Most teenagers have used drugs at least once by the end of high school, but at what point should you be concerned? And when (or how) should you respond? Many parents feel overwhelmed when they find out their child is using drugs. They become flooded with questions like, “How long has this been happening?” and “How serious is it?” And the most pressing of all? “What do I do next?”
When it comes to a child’s drug use, parents often feel a natural instinct to panic, punish, or simply assume the worst. But finding out your child is using drugs doesn’t automatically mean they’re addicted. It does not mean that they have failed you, or that you have failed as a parent. There are many reasons why young people use drugs, and how you respond in this moment can make a difference in your ability to get to the root cause. Your reaction can also dictate how open your child will be to a conversation and to getting help.
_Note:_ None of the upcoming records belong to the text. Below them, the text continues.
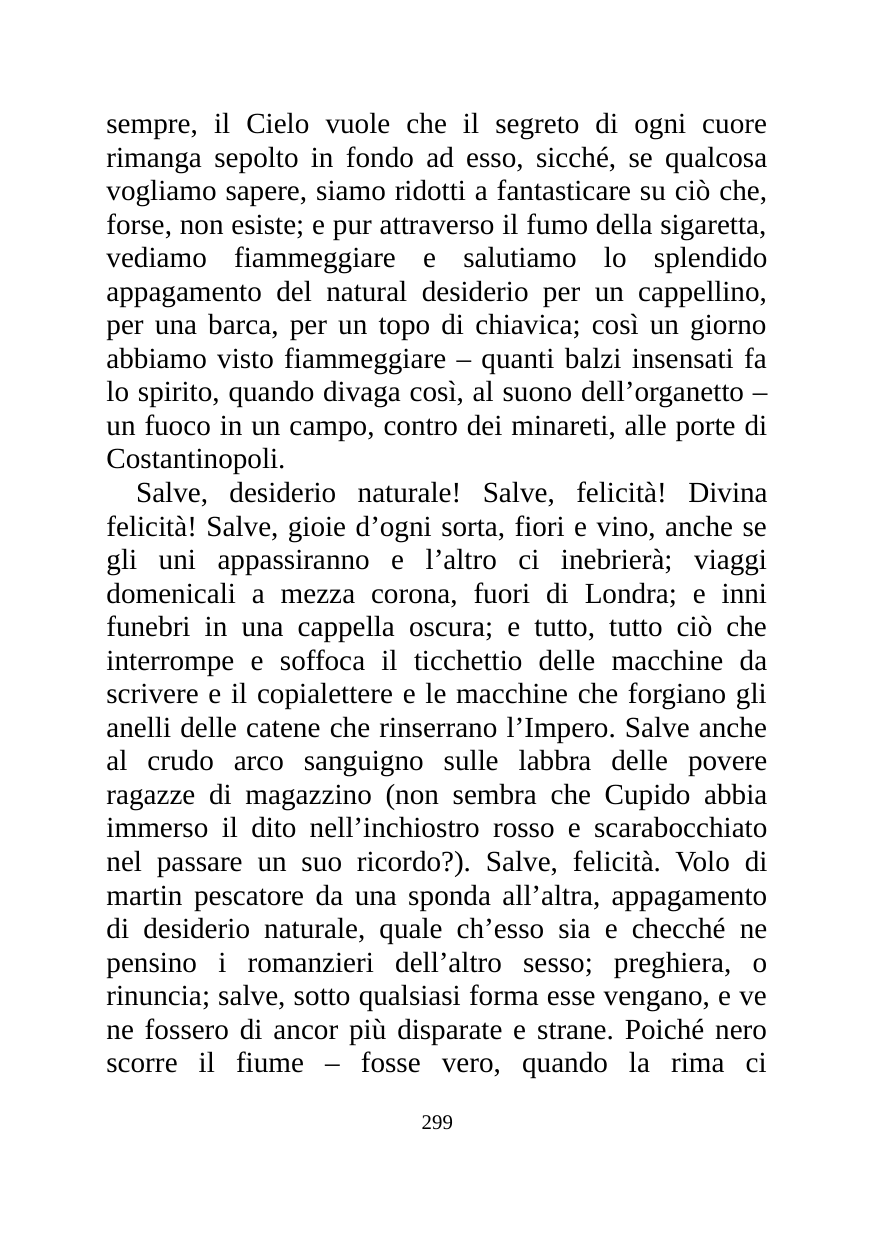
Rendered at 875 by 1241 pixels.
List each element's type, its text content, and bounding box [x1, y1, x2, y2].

text Salve, desiderio naturale! Salve, felicità! Divina felicità! Salve, gioie d’ogni sorta, fiori e vino, anche se gli uni appassiranno e l’altro ci inebrierà; viaggi domenicali a mezza corona, fuori di Londra; e inni funebri in una cappella oscura; e tutto, tutto ciò che interrompe e soffoca il ticchettio delle macchine da scrivere e il copialettere e le macchine che forgiano gli anelli delle catene che rinserrano l’Impero. Salve anche al crudo arco sanguigno sulle labbra delle povere ragazze di magazzino (non sembra che Cupido abbia immerso il dito nell’inchiostro rosso e scarabocchiato nel passare un suo ricordo?). Salve, felicità. Volo di martin pescatore da una sponda all’altra, appagamento di desiderio naturale, quale ch’esso sia e checché ne pensino i romanzieri dell’altro sesso; preghiera, o rinuncia; salve, sotto qualsiasi forma esse vengano, e ve ne fossero di ancor più disparate e strane. Poiché nero scorre il fiume – fosse vero, quando la rima ci [106, 475, 768, 1079]
text sempre, il Cielo vuole che il segreto di ogni cuore rimanga sepolto in fondo ad esso, sicché, se qualcosa vogliamo sapere, siamo ridotti a fantasticare su ciò che, forse, non esiste; e pur attraverso il fumo della sigaretta, vediamo fiammeggiare e salutiamo lo splendido appagamento del natural desiderio per un cappellino, per una barca, per un topo di chiavica; così un giorno abbiamo visto fiammeggiare – quanti balzi insensati fa lo spirito, quando divaga così, al suono dell’organetto – un fuoco in un campo, contro dei minareti, alle porte di Costantinopoli. [106, 106, 768, 475]
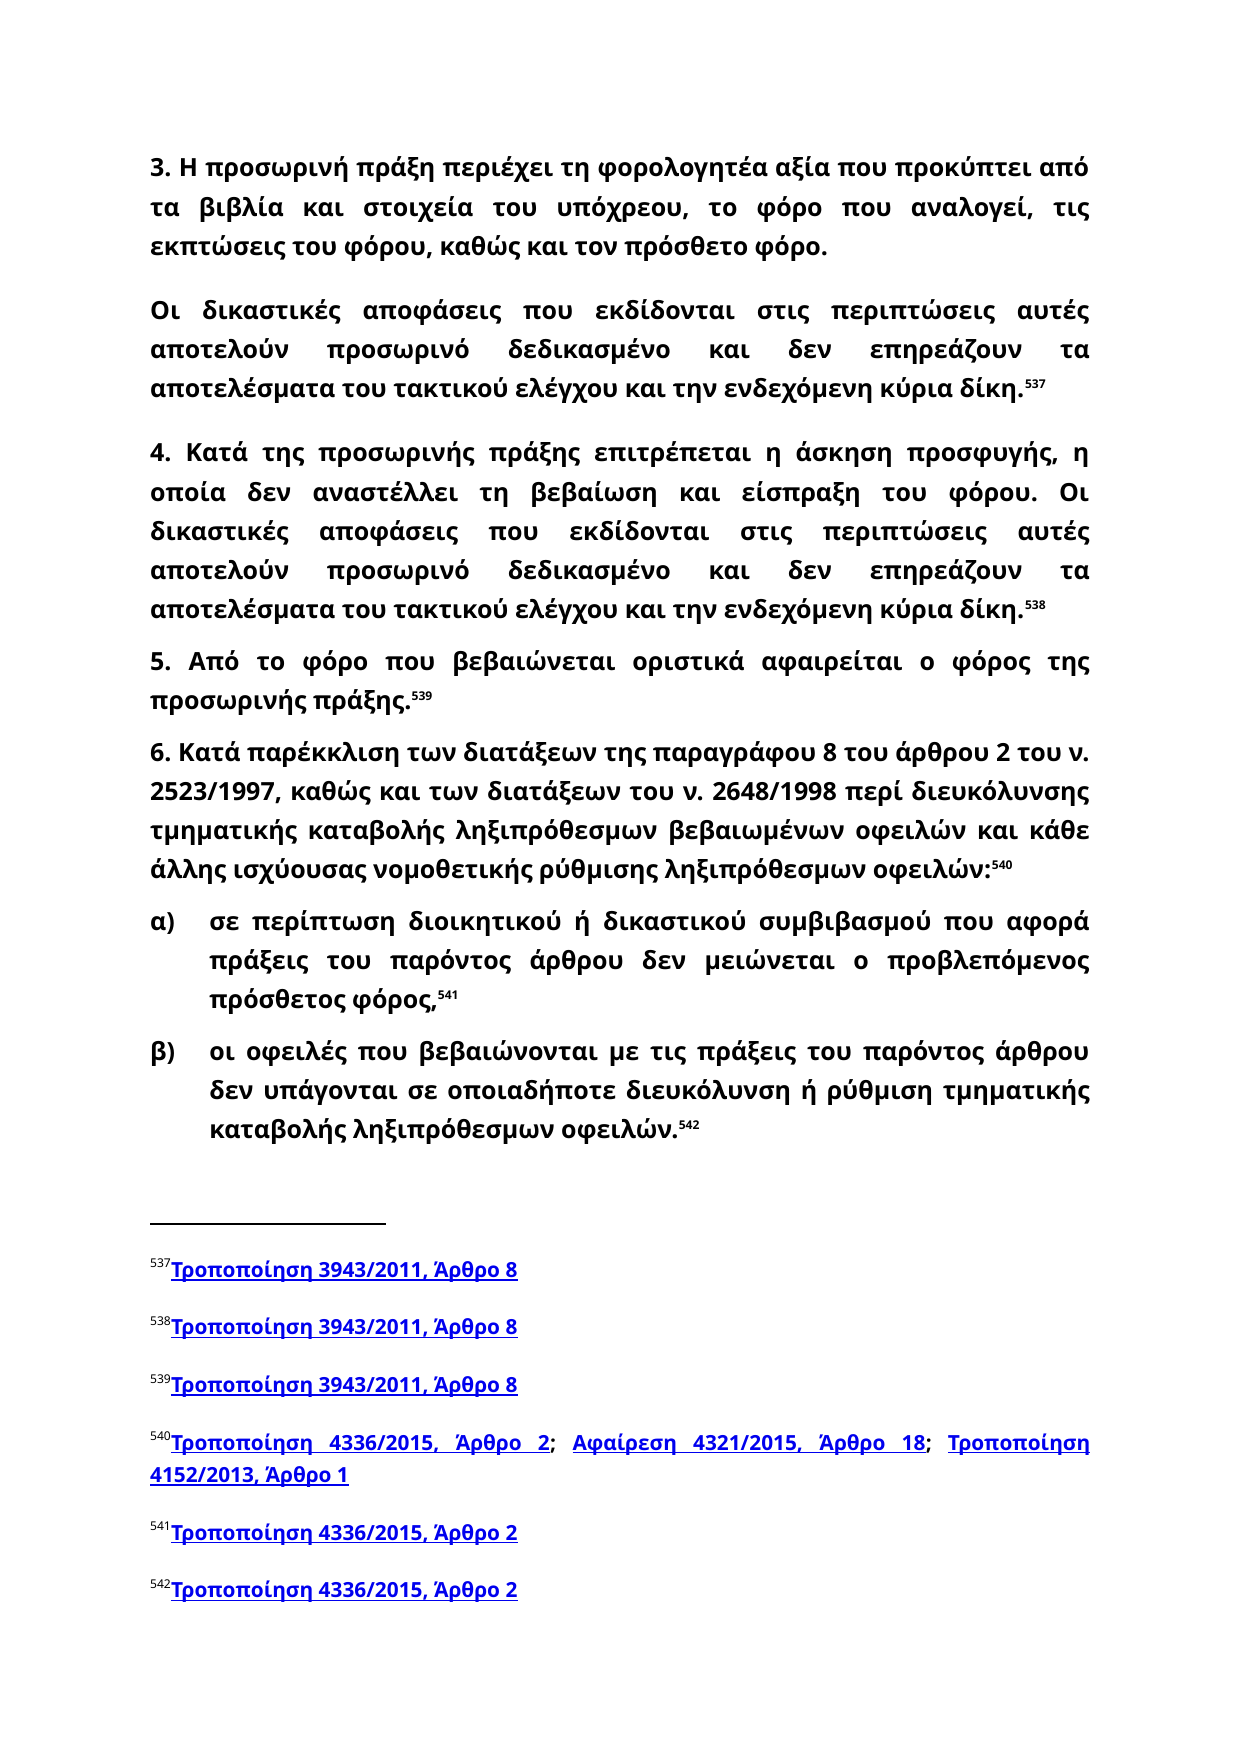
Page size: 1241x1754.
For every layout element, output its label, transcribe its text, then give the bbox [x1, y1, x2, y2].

list β) οι οφειλές που βεβαιώνονται με τις πράξεις του παρόντος άρθρου δεν υπάγονται σε οποιαδήποτε διευκόλυνση ή ρύθμιση τμηματικής καταβολής ληξιπρόθεσμων οφειλών. [150, 1033, 1090, 1146]
text Τροποποίηση 3943/2011, Άρθρο 8 [150, 1312, 1090, 1341]
text Τροποποίηση 4336/2015, Άρθρο 2 [150, 1576, 1090, 1604]
list α) σε περίπτωση διοικητικού ή δικαστικού συμβιβασμού που αφορά πράξεις του παρόντος άρθρου δεν μειώνεται ο προβλεπόμενος πρόσθετος φόρος, [150, 903, 1090, 1016]
text Τροποποίηση 3943/2011, Άρθρο 8 [150, 1370, 1090, 1398]
text Τροποποίηση 4336/2015, Άρθρο 2; Αφαίρεση 4321/2015, Άρθρο 18; Τροποποίηση 4152/2013, Άρθρο 1 [150, 1428, 1090, 1489]
text Τροποποίηση 4336/2015, Άρθρο 2 [150, 1518, 1090, 1546]
text 4. Κατά της προσωρινής πράξης επιτρέπεται η άσκηση προσφυγής, η οποία δεν αναστέλλει τη βεβαίωση και είσπραξη του φόρου. Οι δικαστικές αποφάσεις που εκδίδονται στις περιπτώσεις αυτές αποτελούν προσωρινό δεδικασμένο και δεν επηρεάζουν τα αποτελέσματα του τακτικού ελέγχου και την ενδεχόμενη κύρια δίκη. [150, 435, 1090, 626]
text 3. Η προσωρινή πράξη περιέχει τη φορολογητέα αξία που προκύπτει από τα βιβλία και στοιχεία του υπόχρεου, το φόρο που αναλογεί, τις εκπτώσεις του φόρου, καθώς και τον πρόσθετο φόρο. [150, 150, 1090, 262]
text Τροποποίηση 3943/2011, Άρθρο 8 [150, 1255, 1090, 1283]
text 5. Από το φόρο που βεβαιώνεται οριστικά αφαιρείται ο φόρος της προσωρινής πράξης. [150, 643, 1090, 717]
text Οι δικαστικές αποφάσεις που εκδίδονται στις περιπτώσεις αυτές αποτελούν προσωρινό δεδικασμένο και δεν επηρεάζουν τα αποτελέσματα του τακτικού ελέγχου και την ενδεχόμενη κύρια δίκη. [150, 292, 1090, 405]
text 6. Κατά παρέκκλιση των διατάξεων της παραγράφου 8 του άρθρου 2 του ν. 2523/1997, καθώς και των διατάξεων του ν. 2648/1998 περί διευκόλυνσης τμηματικής καταβολής ληξιπρόθεσμων βεβαιωμένων οφειλών και κάθε άλλης ισχύουσας νομοθετικής ρύθμισης ληξιπρόθεσμων οφειλών: [150, 734, 1090, 886]
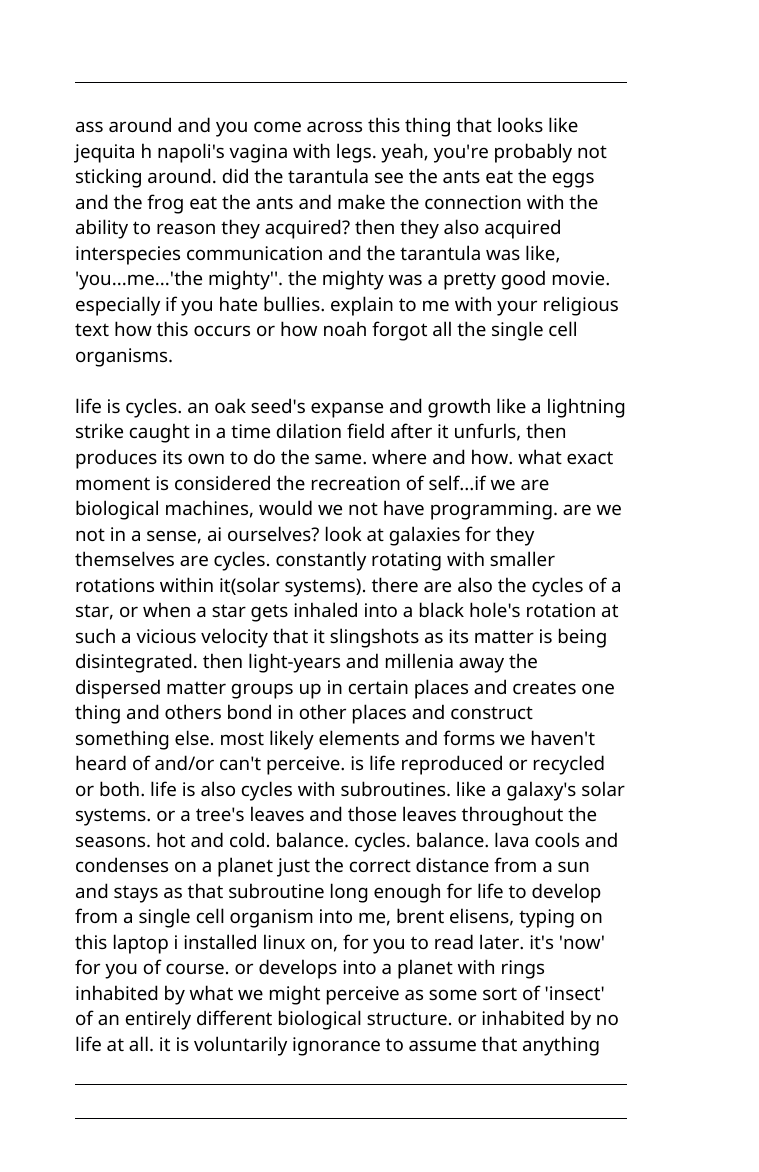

So, what do you do when your child is using drugs? This guide will walk you through the steps you can take, as well as the responses to avoid, after this discovery.
But First: Recognizing the Signs of Drug Use
The signs of drug use in adolescents aren’t always obvious. You might notice a change in friend groups, some slipping grades, or more mood swings that feel a bit out of the norm. Your child might become more distant from loved ones, shutting their bedroom doors and avoiding family time, or become less interested in social events at school. They may display physical changes, like weight loss or gain, fatigue and tiredness, or even clear indicators of being drunk or high (stumbling, bloodshot eyes, shakiness).
The signs of drug use might also be even more evident, which is what has led you here: You found a vape in their room, a stash in their car, or empty alcohol bottles in the liquor cabinet. You may have found they are borrowing (and burning through) money more than usual. Your medications may be missing.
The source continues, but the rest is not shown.